A 56.7 per cent growth: Rural India’s rising income, savings, and loans as per NABARD

A 56.7 per cent growth: Rural India’s rising income, savings, and loans as per NABARD

Mumbai: A survey conducted by the National Bank for Agriculture and Rural Development (NABARD) reveals that the average rural household income in India increased by 56.7 per cent over five years. This significant rise reflects the growing financial inclusion and prosperity in rural areas. Additionally, the All India Rural Financial Inclusion Survey (NAFIS) 2021-22 revealed that the average monthly income jumped from Rs 8,059 in 2016-17 to Rs 12,698 in 2021-22, marking a 58 per cent increase.

Rural financial savings also saw growth, rising from Rs 9,104 in 2016-17 to Rs 13,209 in 2021-22. The percentage of households saving increased from 50.6 per cent to 66 per cent during the same period, although the proportion of households with outstanding debts rose from 47.2 per cent to 53 per cent. This suggests that while more households are saving, there is also a growing reliance on borrowing, primarily from institutional sources.

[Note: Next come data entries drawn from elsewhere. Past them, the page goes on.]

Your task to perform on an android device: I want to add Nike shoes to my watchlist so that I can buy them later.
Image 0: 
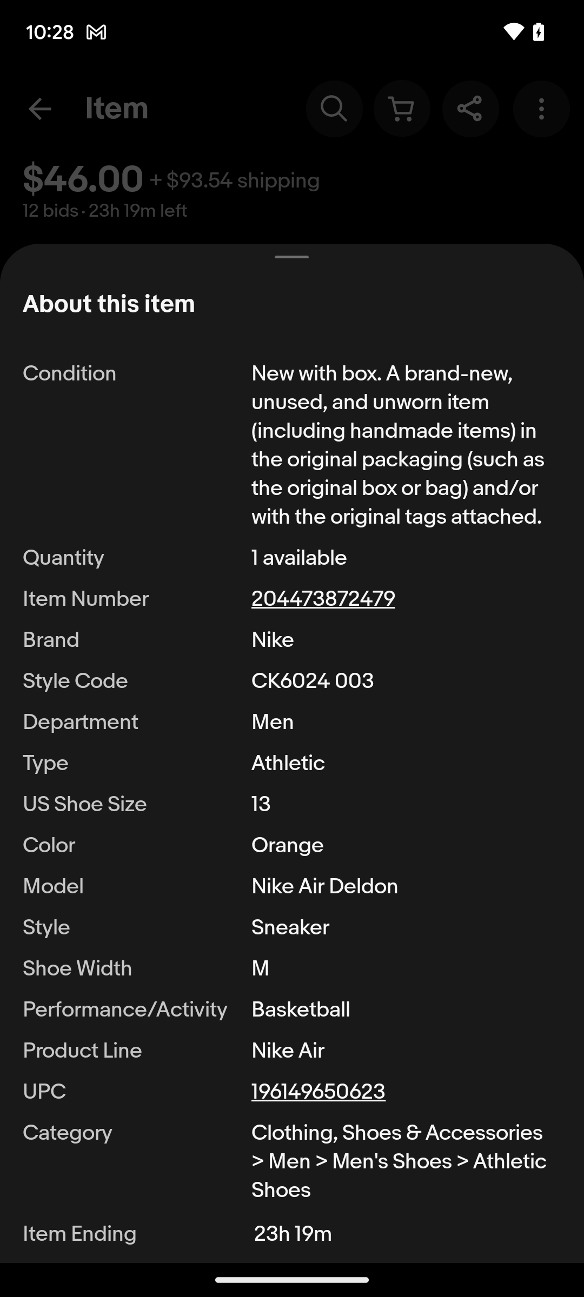
Click on the top of the screen.
Step 0: click (258, 162)
Image 1: 
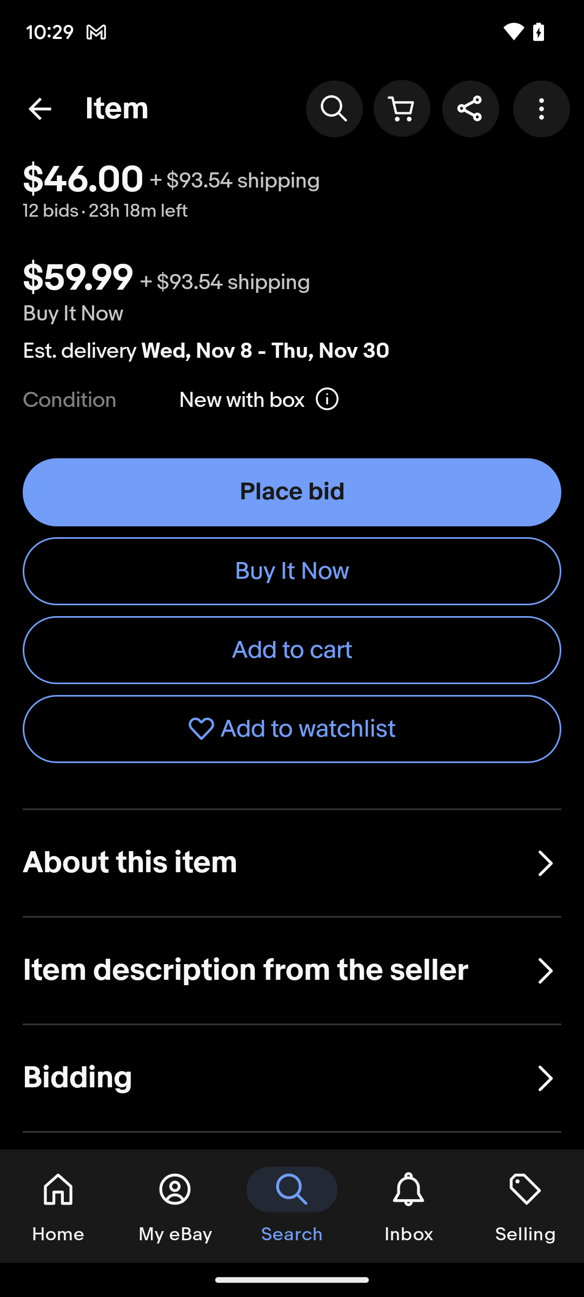
Click on Add to watchlist option on the screen.
Step 1: click (292, 729)

Post-COVID-19, access to insurance policies has expanded in rural India, with at least 80 per cent of households now having a member with an insurance policy, up from 25.5 per cent in 2016-17. This improvement in financial security demonstrates the increased penetration of insurance services in rural areas.

Shifts in Spending Patterns

The NABARD survey also highlighted changes in spending patterns. While the monthly household expenditure increased from Rs 6,646 in 2016-17 to Rs 11,262 in 2021-22, the share of spending on food declined from 51 per cent to 47 per cent. This indicates a diversification in spending, as rural households are allocating more of their income to other categories beyond basic necessities, reflecting improved purchasing power.

Growing Reliance on Institutional Loans

One of the notable findings of the survey was the rise in the application for loans among agricultural households. The percentage of agricultural households applying for loans increased from 50 per cent in 2016-17 to 80 per cent in 2021-22. This shift is largely due to easier access to institutional loans, driven by government programs such as the Kisan Credit Card (KCC) initiative. The reliance on non-institutional borrowing has fallen sharply, dropping from 30.4 per cent to 23.4 per cent, as more villagers are borrowing from banks and other formal institutions rather than traditional sources like village lords or local politicians.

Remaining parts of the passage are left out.